- Theatrical release poster
- Directed by: Brandon Auman
- Written by: Brandon Auman
- Produced by: Chad A. Verdi; Jennifer Davisson; Phillip Watson; Michelle Verdi; Chad Verdi Jr.; Paul Luba;
- Starring: Hayden Panettiere; Beverly D'Angelo; Justin Chatwin; Mischa Barton; Lori Tan Chinn; Kea Ho;
- Cinematography: Marcus Friedlander
- Edited by: Tucker Marolf
- Music by: Sebastian Evans
- Production companies: Verdi Productions; Appian Way Productions;
- Distributed by: Brainstorm Media
- Release date: January 9, 2026;
- Running time: 89 minutes
- Country: United States
- Language: English

= Sleepwalker (2026 film) =

Sleepwalker is a 2026 American psychological thriller film written and directed by Brandon Auman (in his feature film directorial debut).

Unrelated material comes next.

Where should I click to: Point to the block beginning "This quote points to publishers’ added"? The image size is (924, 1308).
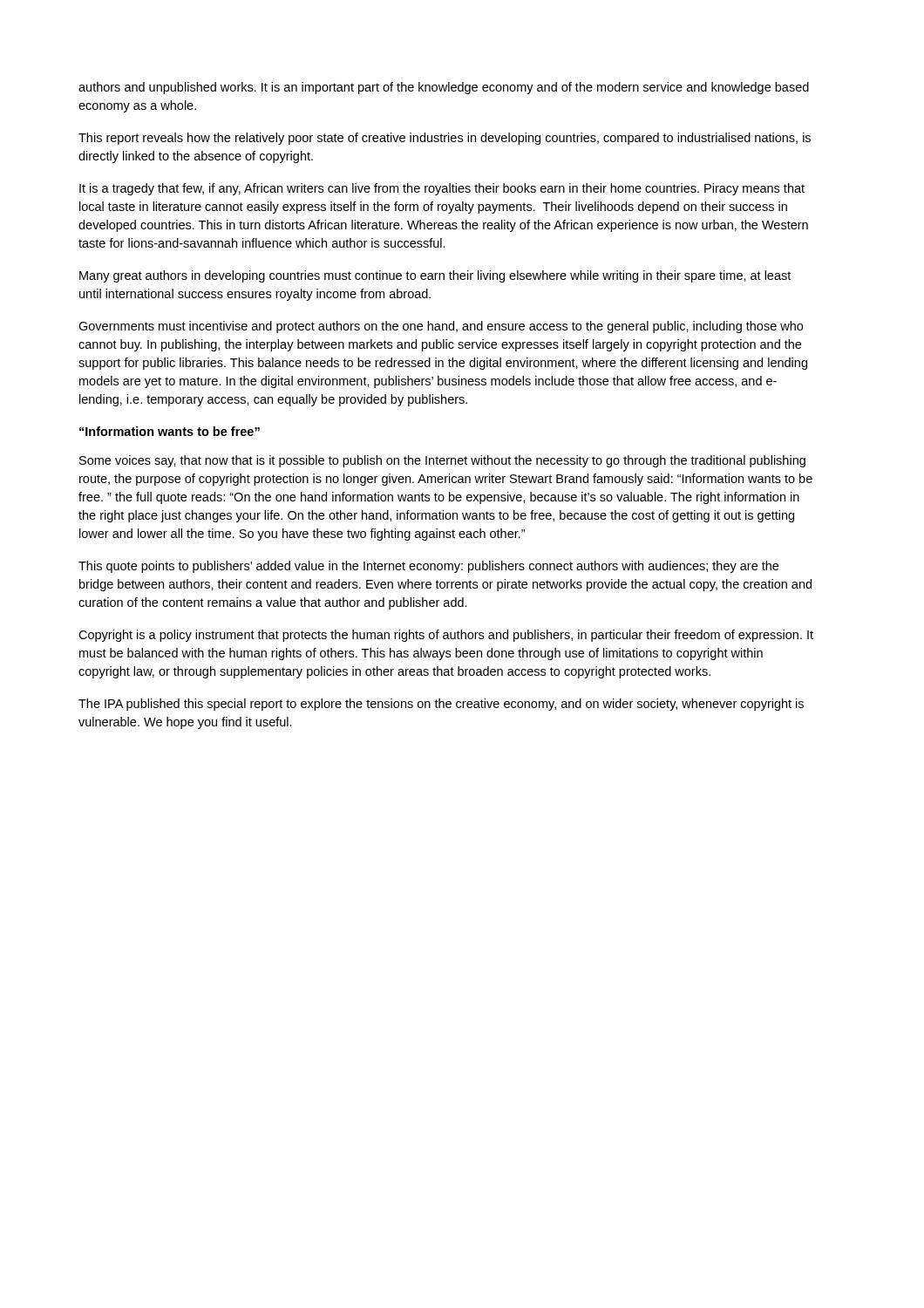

It stars Hayden Panettiere, Beverly D'Angelo, Justin Chatwin, Mischa Barton, Lori Tan Chinn, and Kea Ho. The film was released in the United States on January 9, 2026.

This film marks Panettiere's final acting performance prior to her death on August 16, 2026, seven months after the film's release.

==Plot==

An accomplished artist is haunted by the tragic loss of her daughter, following a car accident that has also left her abusive husband in a coma.

==Cast==
- Hayden Panettiere as Sarah Pangborn
- Beverly D'Angelo as Gloria Pangborn, Sarah's mother
- Justin Chatwin as Michael Anders
- Mischa Barton as Joelle Anders
- Lori Tan Chinn as Bai Zhao
- Kea Ho as Alexis
- Eric Lutes as Doctor Henson

==Production==
Principal photography began in February 2025, when it was announced that Brandon Auman would be writing and directing a psychological thriller film, with Hayden Panettiere (who also executive produces the film) cast in the lead role, alongside Beverly D'Angelo, Justin Chatwin, Mischa Barton, Lori Tan Chinn, and Kea Ho.

==Release==
Sleepwalker was released in the United States on January 9, 2026.

==Reception==
On the review aggregator website Rotten Tomatoes, 14% of 14 critics' reviews are positive.

Isabella Suares of Collider gave the film a 3/10 rating and she said that: Sleepwalker doesn't effectively incorporate this complex disorder into its premise, resulting in a puzzling story about a woman going on a spiral without any healing prospect.

Paul Lê of Bloody Disgusting also gave the film a negative review and a rating of 1.5/5 and wrote: Maybe the starting material would have better served as an anthology segment, as opposed to something that feels stretched beyond its limits.

Gregory Nussen of Screen Rant gave the film a rating of 1/10 and said: If, for most of us, nightmares are our worst fears made manifest in surrealist, haunting imagery that is difficult to recall even moments after having been seen, then Auman's imagination is woefully stuck in painfully obvious, literalist overdrive.

Brian Orndorf of Blu-ray.com gave the film a rating of D+ and wrote: Sleepwalker is more of a "Twilight Zone" episode with increasingly tedious jump scares and acting that can't quite sell the frightmare developing over the run time.

However, Phil Walsh of GVN gave the film positive review and a rating of 7/10 and he wrote: An unsettling deep dive into grief that kept me on edge right until the end, which felt like a perfect ending to a dream. Abrupt and shocking.